Provisions of the bill: H.R. 6164 codifies an NIH Director's common fund, after the example of the NIH Roadmap. The House dropped its demand that 50% of any NIH funding increase be applied to the common fund. In another compromise, the bill dropped the House-passed provision that would have allowed the NIH director to reconfigure, eliminate, or reorganize institutes and centers at NIH. Many groups expressed concern that so much authority should not be consolidated in the NIH director. Current law, which allows the HHS Secretary to reconfigure institutes and centers, would be maintained. Most groups are comfortable with that arrangement since the HHS Secretary has generally not acted upon that authority, and any reorganization at that level would be subject to a much more public process.

H.R. 6164 also modifies the provision that would allow individual institute and center directors to reconfigure and reorganize programs within their institute or center. The final bill calls for any institute or center director who wishes to initiate major changes to engage in a public process and receive input from the patient, scientific and other interested parties, and secure the approval of the director of NIH.

The bill establishes a Scientific Management Review Board to periodically review the configuration of the NIH and make recommendations to key officials every seven years. It also establishes a more comprehensive reporting system for the National Institutes of Health in terms of spending on various diseases, and the management of data and statistics. The NIH director must report to Congress on progress on key areas of health, but the bill includes a provision which would allow individual institutes and centers to report directly to Congress, as well.

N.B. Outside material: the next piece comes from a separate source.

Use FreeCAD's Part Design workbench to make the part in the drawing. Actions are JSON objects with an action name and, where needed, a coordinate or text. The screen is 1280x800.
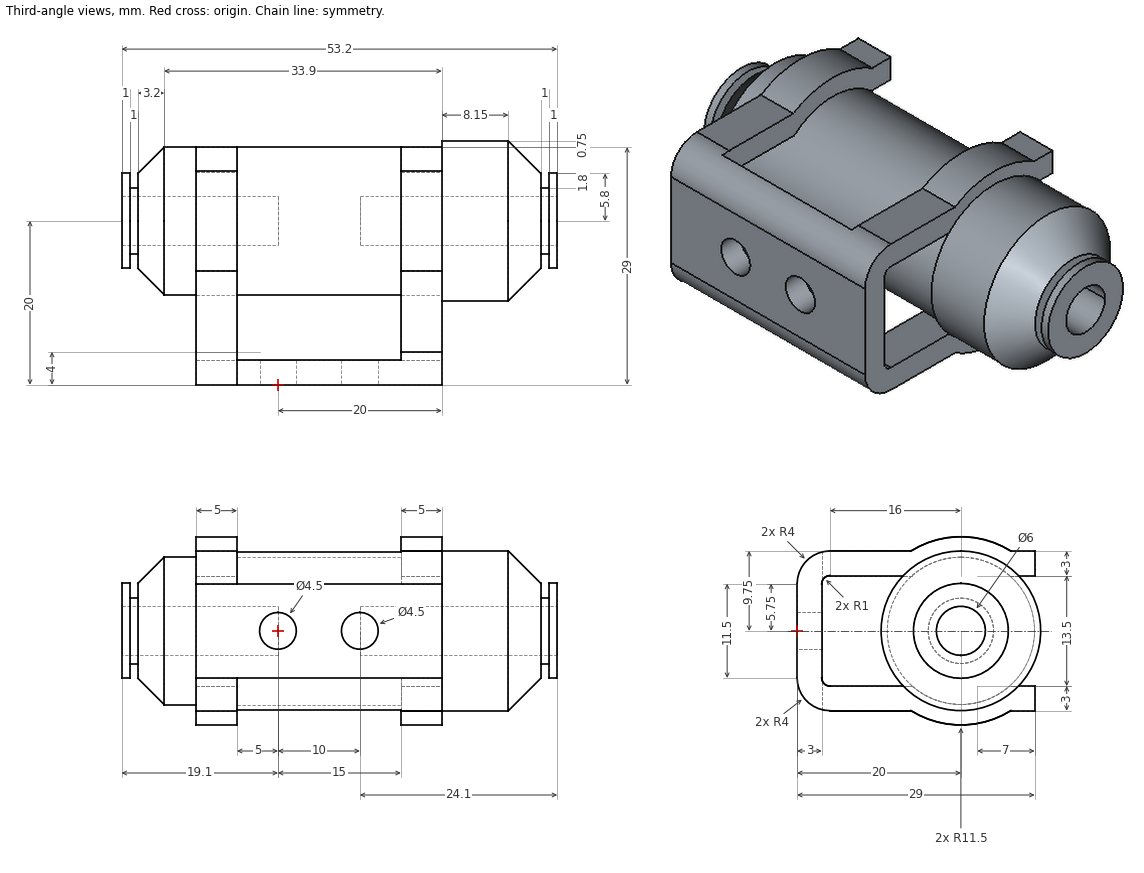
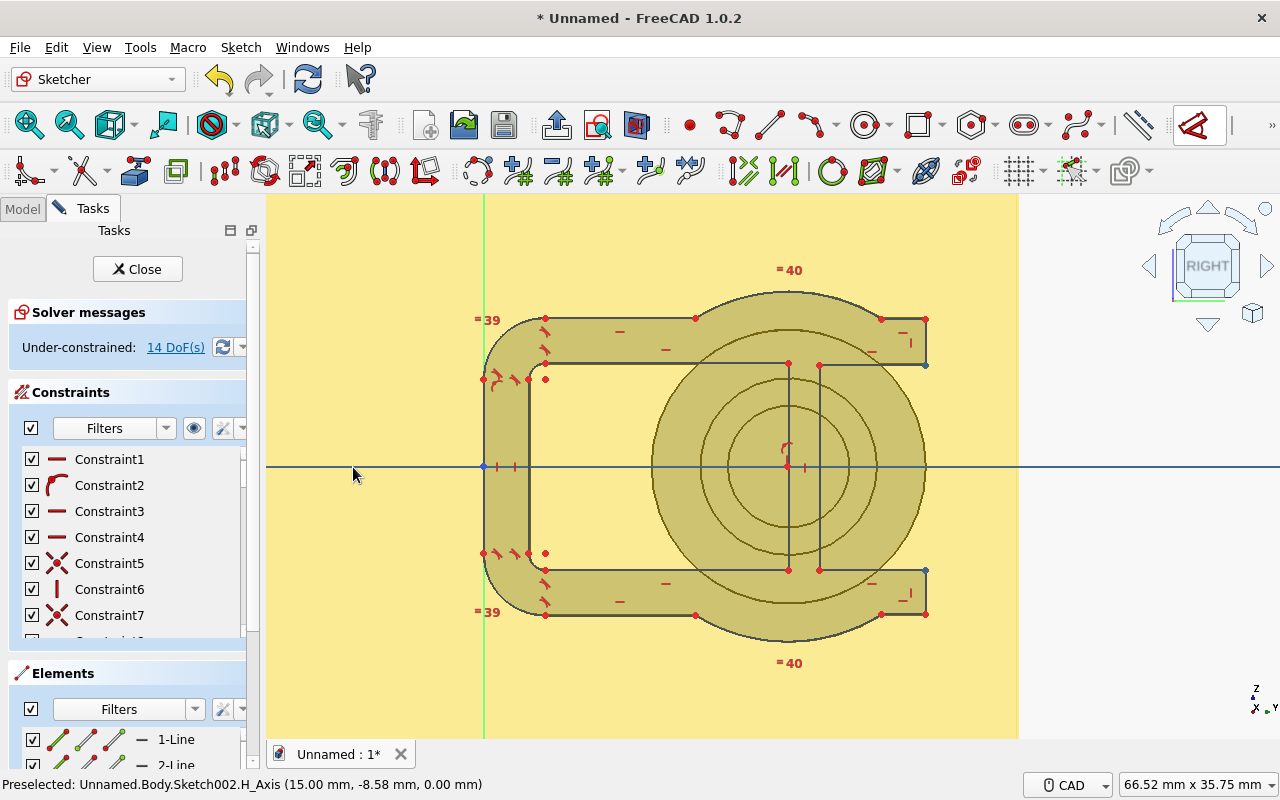
{"action": "key", "text": "s"}

How will behavioral research fare? APA, The Consortium of Social Science Associations, and other behavioral and social science organizations had encouraged the Senate not to pass the House version of the bill, but instead to take an independent look at authorizing NIH. In a letter, APA expressed several concerns, opposing the bill's provision to move the Office of Behavioral and Social Sciences Research to a new umbrella group in the Office of the Director, the Division of Program Coordination, Planning and Strategic Initiatives. The reorganization is not inherently good or bad for behavioral research, but how it is implemented is the key to whether behavioral initiatives will be more or less successful than in the current NIH organizational structure.

APA's Science Policy Office, along with our coalition partners, will carefully monitor the implementation of the NIH reorganization, and push for behavioral scientists or advocates of behavioral science to be represented on the various new advisory bodies created by the bill, including the Scientific Management Review Board.

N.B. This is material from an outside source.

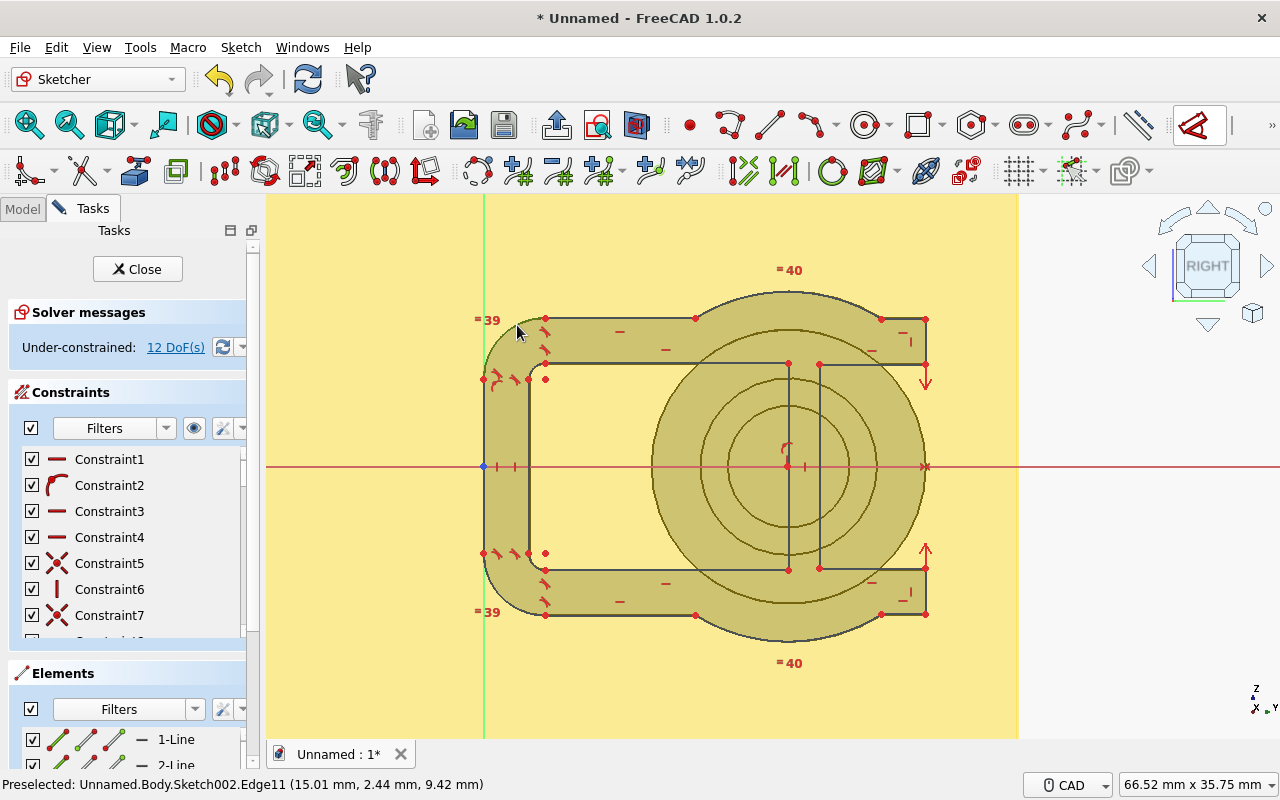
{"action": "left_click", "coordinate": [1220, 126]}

Money at NIH is still a big issue. APA and coalition partners will also advocate that the new Congress increase funding for NIH. It remains to be seen if the agency will get substantive increases when Democrats assume control of Congress in January. Democrats, along with Republicans, have praised the agency's work, but they have also pledged to reduce the federal deficit and control spending. Overall, non-defense spending is expected to be under tight constraints when the new Congress convenes in 2007.